What is needed
Verbatim copy without images: return all of the data as it stands.

Material to process
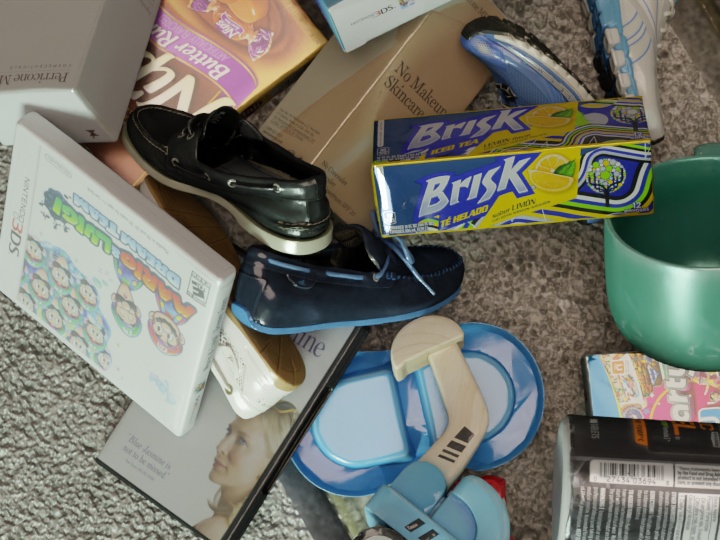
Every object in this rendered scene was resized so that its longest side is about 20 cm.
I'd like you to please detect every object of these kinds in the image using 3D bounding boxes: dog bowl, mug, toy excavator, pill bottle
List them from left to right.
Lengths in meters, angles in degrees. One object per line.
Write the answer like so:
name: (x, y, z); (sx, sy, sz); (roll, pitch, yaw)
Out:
dog bowl: (0.040, 0.106, 1.579); (0.199, 0.050, 0.112); (-12, 85, 1)
toy excavator: (0.060, 0.160, 1.505); (0.194, 0.100, 0.200); (38, 76, 14)
pill bottle: (0.240, 0.161, 1.481); (0.199, 0.106, 0.107); (3, 85, 1)
mug: (0.265, -0.005, 1.526); (0.152, 0.115, 0.185); (23, 43, 37)

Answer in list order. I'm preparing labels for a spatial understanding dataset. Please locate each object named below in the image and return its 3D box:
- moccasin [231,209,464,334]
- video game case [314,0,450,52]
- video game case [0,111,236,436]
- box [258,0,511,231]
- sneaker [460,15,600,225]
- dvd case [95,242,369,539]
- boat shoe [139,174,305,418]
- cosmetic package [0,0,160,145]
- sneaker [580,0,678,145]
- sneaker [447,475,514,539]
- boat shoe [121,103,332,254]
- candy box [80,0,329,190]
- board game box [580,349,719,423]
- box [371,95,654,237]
moccasin: (0.000, 0.000, 1.516); (0.200, 0.080, 0.068); (-12, 115, -40)
video game case: (0.035, -0.264, 1.548); (0.181, 0.200, 0.046); (-27, 129, -1)
video game case: (-0.185, 0.005, 1.520); (0.200, 0.182, 0.024); (37, 49, 17)
box: (0.019, -0.137, 1.567); (0.200, 0.095, 0.078); (-53, 42, -2)
sneaker: (0.137, -0.107, 1.555); (0.089, 0.079, 0.200); (-41, 114, 6)
dvd case: (-0.098, 0.095, 1.567); (0.142, 0.018, 0.200); (30, 86, 32)
boat shoe: (-0.121, 0.021, 1.543); (0.069, 0.071, 0.200); (-40, 71, 24)
cosmetic package: (-0.213, -0.195, 1.548); (0.101, 0.071, 0.201); (0, 60, 24)
sneaker: (0.216, -0.197, 1.591); (0.086, 0.075, 0.201); (-13, 85, -6)
sneaker: (0.110, 0.223, 1.555); (0.199, 0.078, 0.116); (26, 88, 2)
boat shoe: (-0.096, -0.085, 1.498); (0.074, 0.066, 0.199); (-23, 46, -36)
candy box: (-0.135, -0.157, 1.601); (0.200, 0.056, 0.117); (-38, 87, 0)
board game box: (0.273, 0.129, 1.566); (0.199, 0.064, 0.148); (-5, 86, 2)
box: (0.109, -0.076, 1.500); (0.199, 0.070, 0.064); (-5, 123, 5)

Problem solution
Every object in this rendered scene was resized so that its longest side is about 20 cm.
I'd like you to please detect every object of these kinds in the image using 3D bounding boxes: dog bowl, mug, toy excavator, pill bottle
List them from left to right.
Lengths in meters, angles in degrees. One object per line.
Write the answer like so:
name: (x, y, z); (sx, sy, sz); (roll, pitch, yaw)
Out:
dog bowl: (0.040, 0.106, 1.579); (0.199, 0.050, 0.112); (-12, 85, 1)
toy excavator: (0.060, 0.160, 1.505); (0.194, 0.100, 0.200); (38, 76, 14)
pill bottle: (0.240, 0.161, 1.481); (0.199, 0.106, 0.107); (3, 85, 1)
mug: (0.265, -0.005, 1.526); (0.152, 0.115, 0.185); (23, 43, 37)

Answer in list order. I'm preparing labels for a spatial understanding dataset. Please locate each object named below in the image and return its 3D box:
- moccasin [231,209,464,334]
- video game case [314,0,450,52]
- video game case [0,111,236,436]
- box [258,0,511,231]
- sneaker [460,15,600,225]
- dvd case [95,242,369,539]
- boat shoe [139,174,305,418]
- cosmetic package [0,0,160,145]
- sneaker [580,0,678,145]
- sneaker [447,475,514,539]
- boat shoe [121,103,332,254]
- candy box [80,0,329,190]
- board game box [580,349,719,423]
- box [371,95,654,237]
moccasin: (0.000, 0.000, 1.516); (0.200, 0.080, 0.068); (-12, 115, -40)
video game case: (0.035, -0.264, 1.548); (0.181, 0.200, 0.046); (-27, 129, -1)
video game case: (-0.185, 0.005, 1.520); (0.200, 0.182, 0.024); (37, 49, 17)
box: (0.019, -0.137, 1.567); (0.200, 0.095, 0.078); (-53, 42, -2)
sneaker: (0.137, -0.107, 1.555); (0.089, 0.079, 0.200); (-41, 114, 6)
dvd case: (-0.098, 0.095, 1.567); (0.142, 0.018, 0.200); (30, 86, 32)
boat shoe: (-0.121, 0.021, 1.543); (0.069, 0.071, 0.200); (-40, 71, 24)
cosmetic package: (-0.213, -0.195, 1.548); (0.101, 0.071, 0.201); (0, 60, 24)
sneaker: (0.216, -0.197, 1.591); (0.086, 0.075, 0.201); (-13, 85, -6)
sneaker: (0.110, 0.223, 1.555); (0.199, 0.078, 0.116); (26, 88, 2)
boat shoe: (-0.096, -0.085, 1.498); (0.074, 0.066, 0.199); (-23, 46, -36)
candy box: (-0.135, -0.157, 1.601); (0.200, 0.056, 0.117); (-38, 87, 0)
board game box: (0.273, 0.129, 1.566); (0.199, 0.064, 0.148); (-5, 86, 2)
box: (0.109, -0.076, 1.500); (0.199, 0.070, 0.064); (-5, 123, 5)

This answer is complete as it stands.